Set down, exactly as they stand, the lines from the one containing "The width and" through the last line of the records below, leaving every picture out.

Top of Dataset extract

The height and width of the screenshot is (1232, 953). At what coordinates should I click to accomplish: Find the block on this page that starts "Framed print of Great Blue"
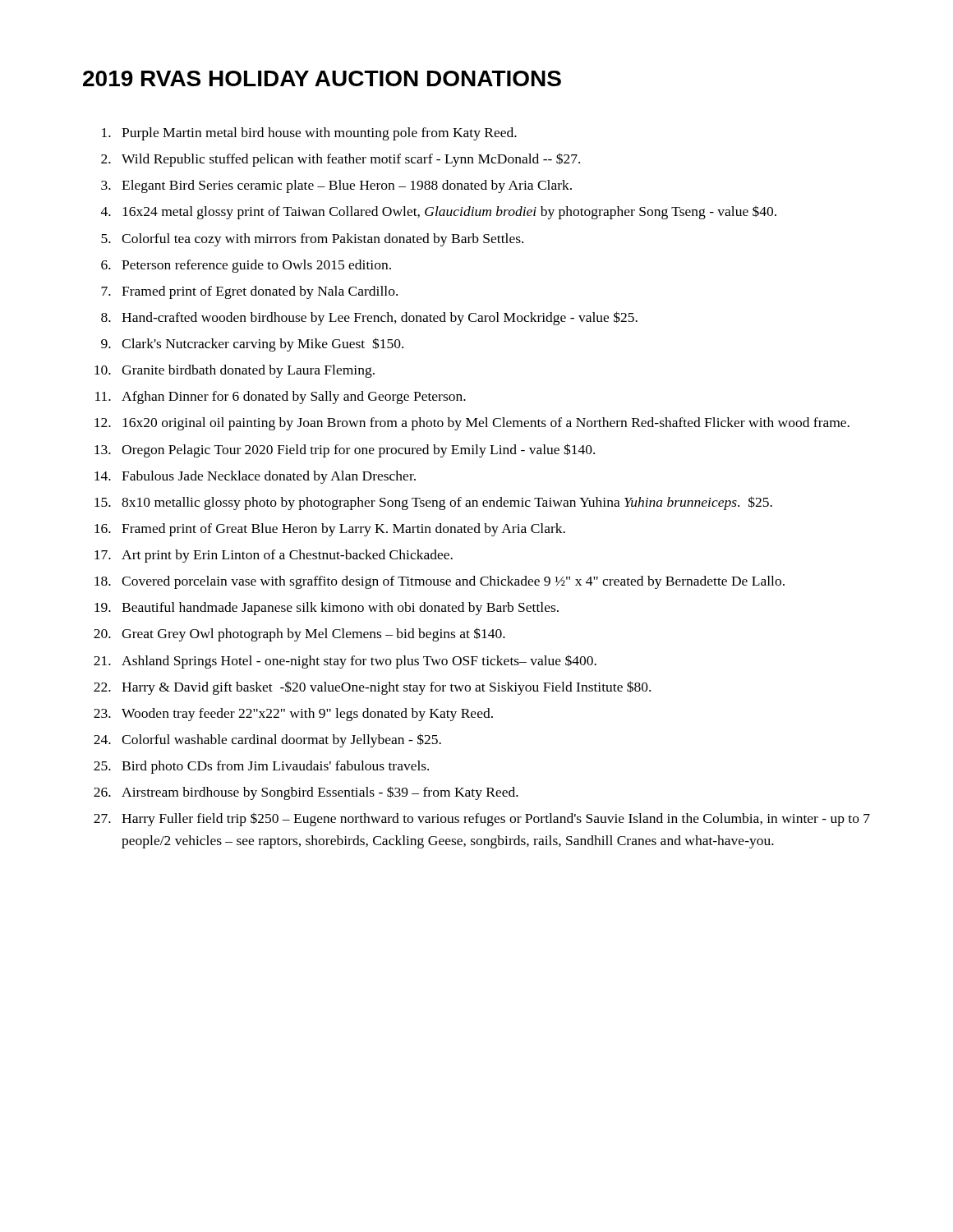point(344,528)
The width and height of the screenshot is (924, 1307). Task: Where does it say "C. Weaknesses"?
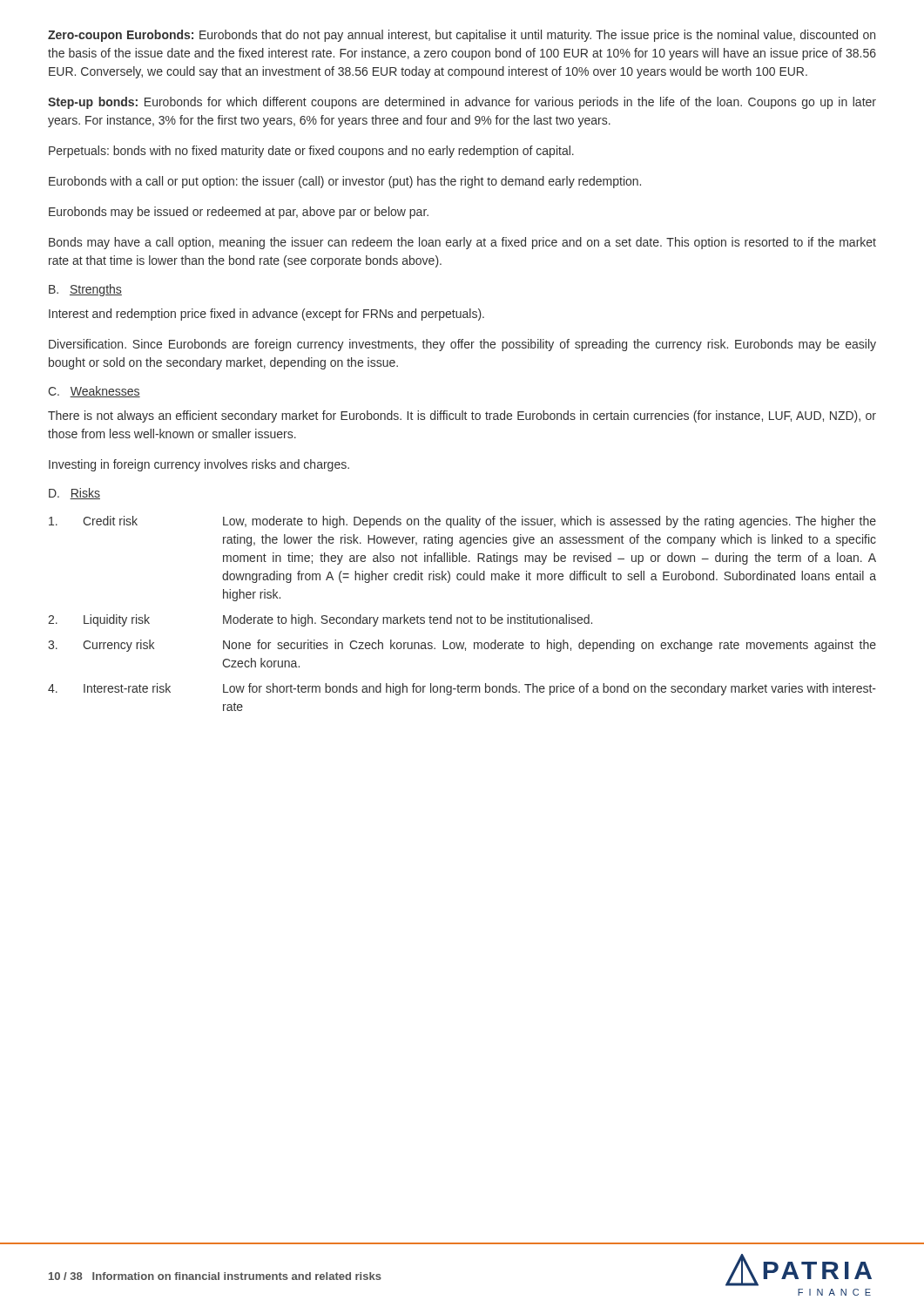tap(94, 391)
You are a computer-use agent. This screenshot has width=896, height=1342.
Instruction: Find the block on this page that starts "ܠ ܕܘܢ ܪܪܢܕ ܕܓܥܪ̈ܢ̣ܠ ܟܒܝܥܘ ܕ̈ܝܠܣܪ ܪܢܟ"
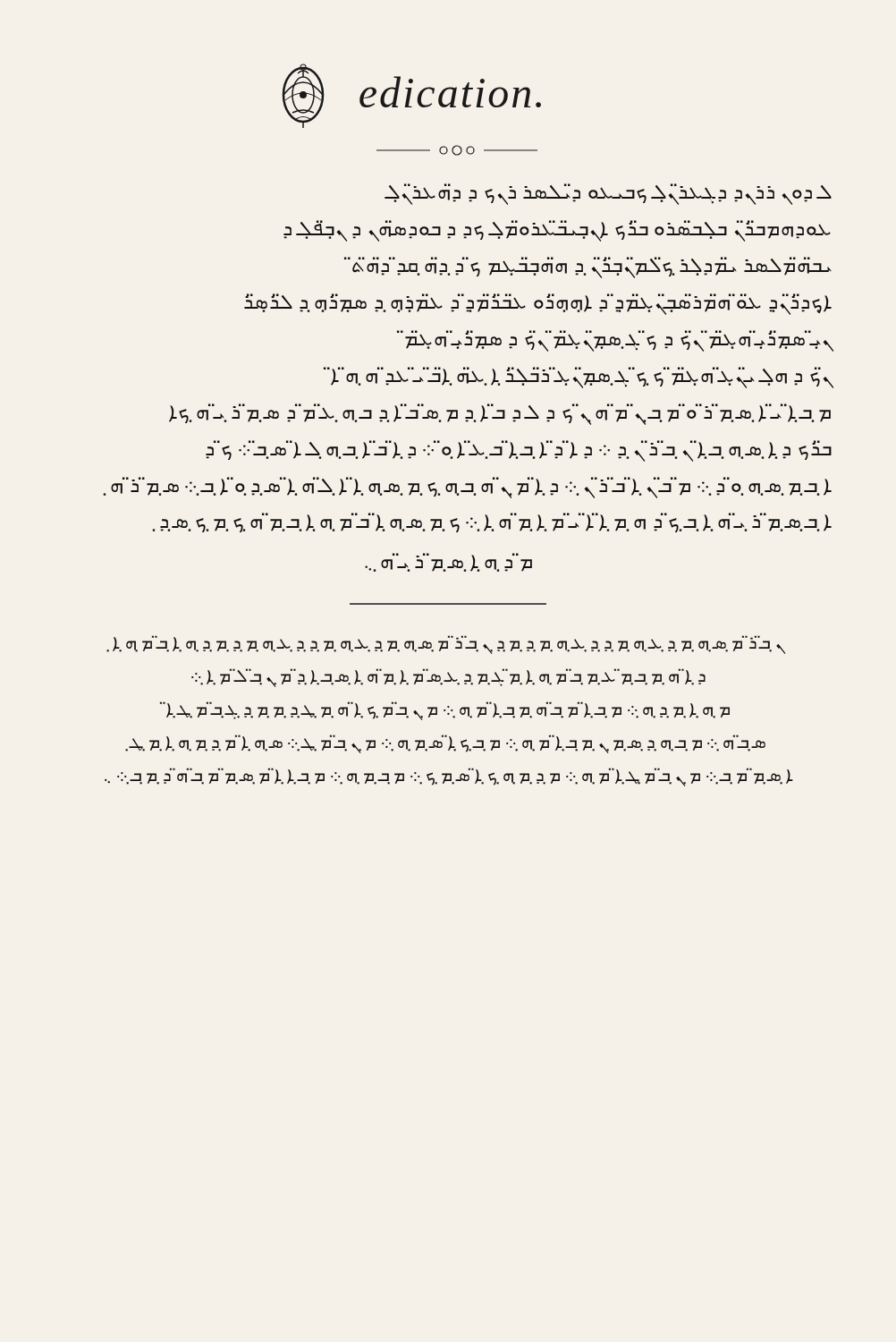coord(448,378)

Bottom of Dataset extract

■ Response to this exercise
The width and height of the screenshot is (924, 1307). Task: Where does it say "C. Weaknesses"?
tap(94, 391)
You are a computer-use agent. This screenshot has width=896, height=1342.
Instruction: Find the block on this page that starts "ܠ ܕܘܢ ܪܪܢܕ ܕܓܥܪ̈ܢ̣ܠ ܟܒܝܥܘ ܕ̈ܝܠܣܪ ܪܢܟ"
coord(448,378)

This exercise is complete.